Pepper & Salt- My New Puppies !!!!!!!!


----------



## sleeptalker (Apr 28, 2008)

cute puppies, what breed are they?


----------



## venootez (Sep 29, 2008)

I dont really know, these puppies were abandoned close to my apartment. Beats me, i guess its a mixed mongrel


----------



## colliemerles (Nov 2, 2007)

wow they are so cute, good on you for taking them in,


----------



## warmglo (Feb 25, 2008)

Oh my! So Sweet!!


----------



## gillieworm (Jul 4, 2008)

They are gorgeous 

Sorry can't help you with guessing the breed, as I am good at doing that as I am guessing peoples ages 

Well done for taking them in, it really maddens me that someone could abandon these gorgeous little things.

Have you any idea how old they are (has a vet looked at them?) because they do look very young to me


----------



## sskmick (Feb 4, 2008)

They are gorgeous, so sweet and lovable.

I'm no good with guessing breeds but the light one looks a bit like a JRT and the dark one has a look of a Rottie but a puppy can look like other similar breeds.

They are beautiful and that's all that matters.

Sue


----------



## venootez (Sep 29, 2008)

i'm not really sure, 5 weeks i guess


----------



## gillieworm (Jul 4, 2008)

venootez said:


> i'm not really sure, 5 weeks i guess


Ah the little chickens   You will probably get a better idea in the next 3 to 4 weeks what breeds they may be, as at 5 weeks old a lot of puppies tend to look the same to the untrained eye


----------



## plumo72 (Nov 2, 2007)

awwwww gorgeous, poor little guys glad you are helping them


----------



## Guest (Sep 29, 2008)

some ppl really annoy me! what on earth did these adorable things do to be abandoned?! 

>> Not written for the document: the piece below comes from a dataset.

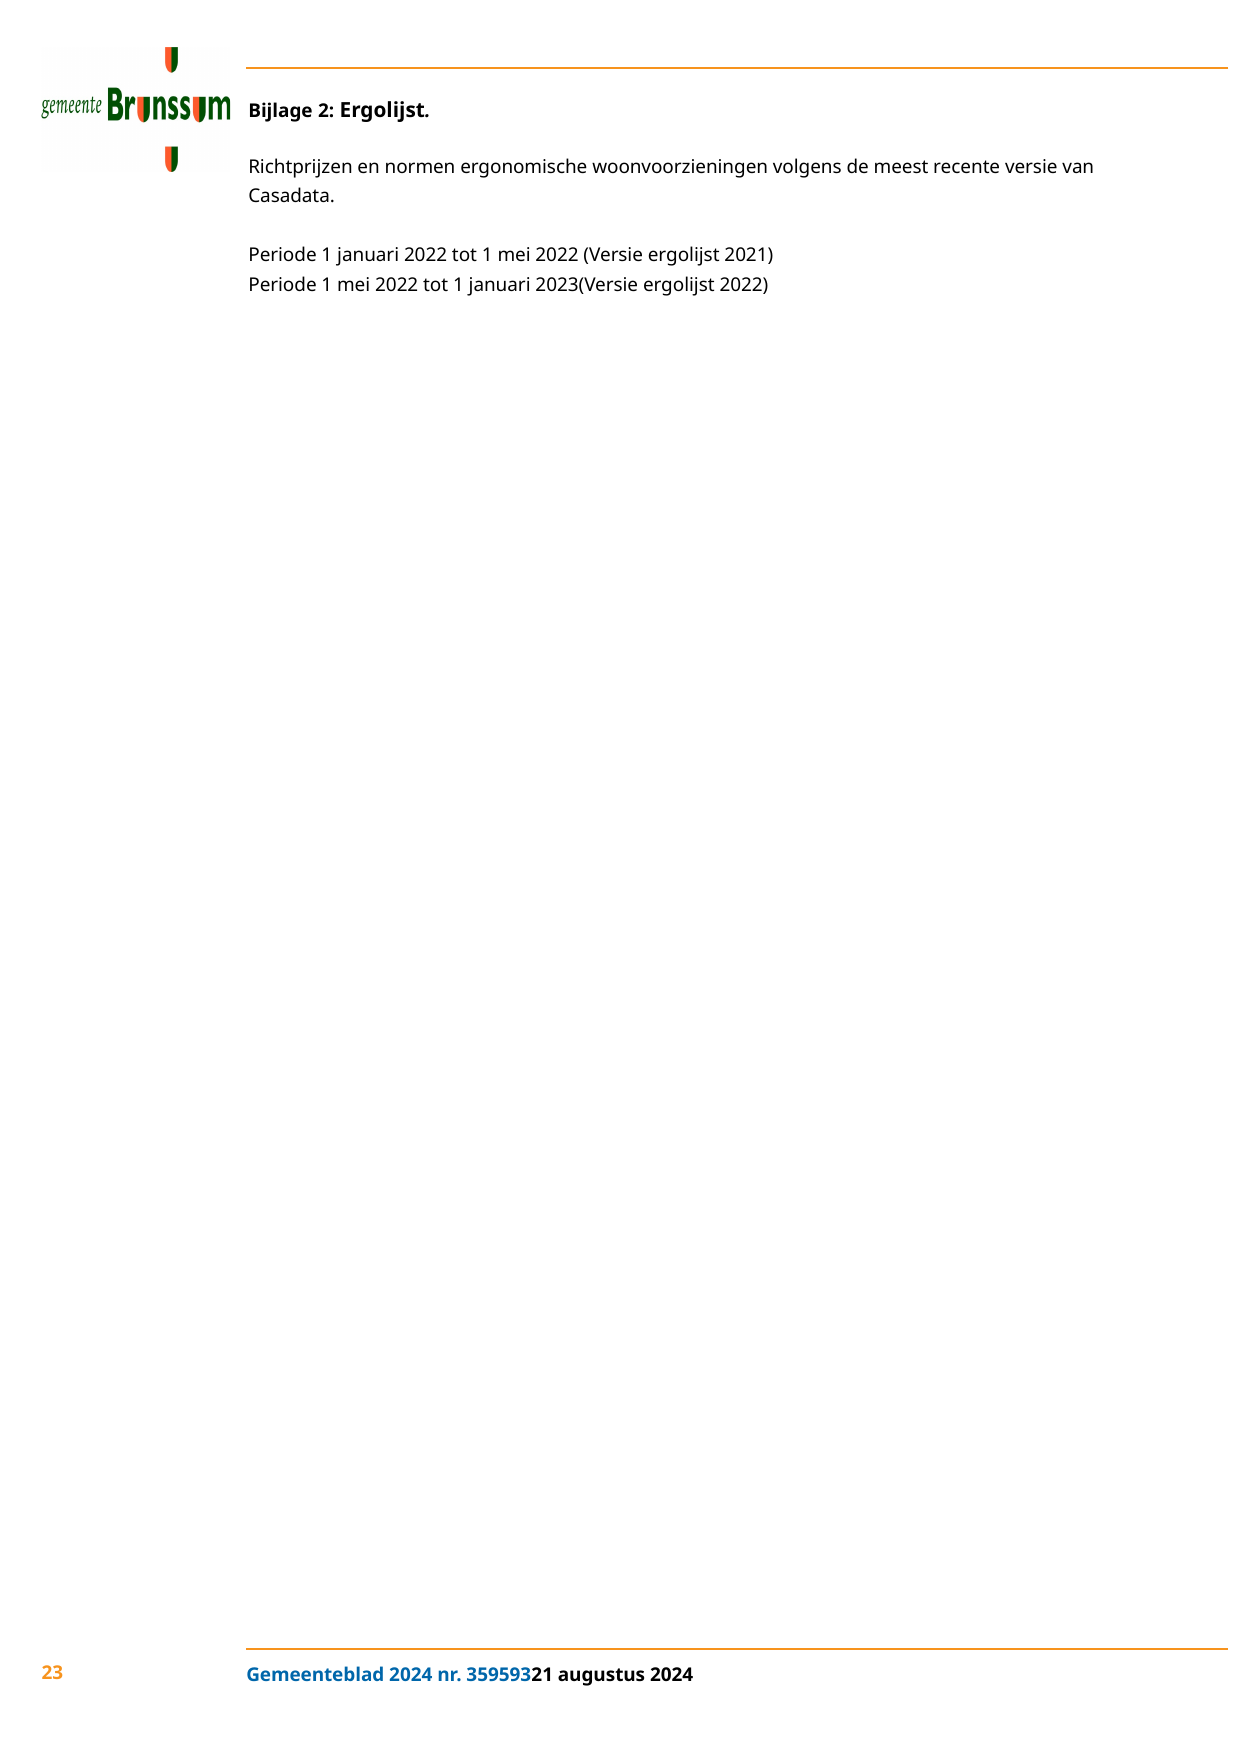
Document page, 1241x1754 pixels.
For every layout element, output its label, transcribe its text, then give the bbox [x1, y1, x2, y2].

good on you for takin them in! i bet they get lots of cuddles off you? they would of they were with me lol they r so cute


----------



## canuckjill (Jun 25, 2008)

So cute THANKS for taking them in you are special...Jill


----------



## emmar (Aug 1, 2008)

aww such cuties


----------



## clueless (May 26, 2008)

Aaaw they are so sweet and well done you for giving them a forever home. They look as if they are going to be big going by their paws


----------



## sullivan (Aug 29, 2008)

venootez said:


> Pepper & Salt- My New Puppies !!!!!!!!


They are so cute i expect your have your hands full, Mind you there tire each other out i dare say.


----------



## happysaz133 (Jun 5, 2008)

They are adorable


----------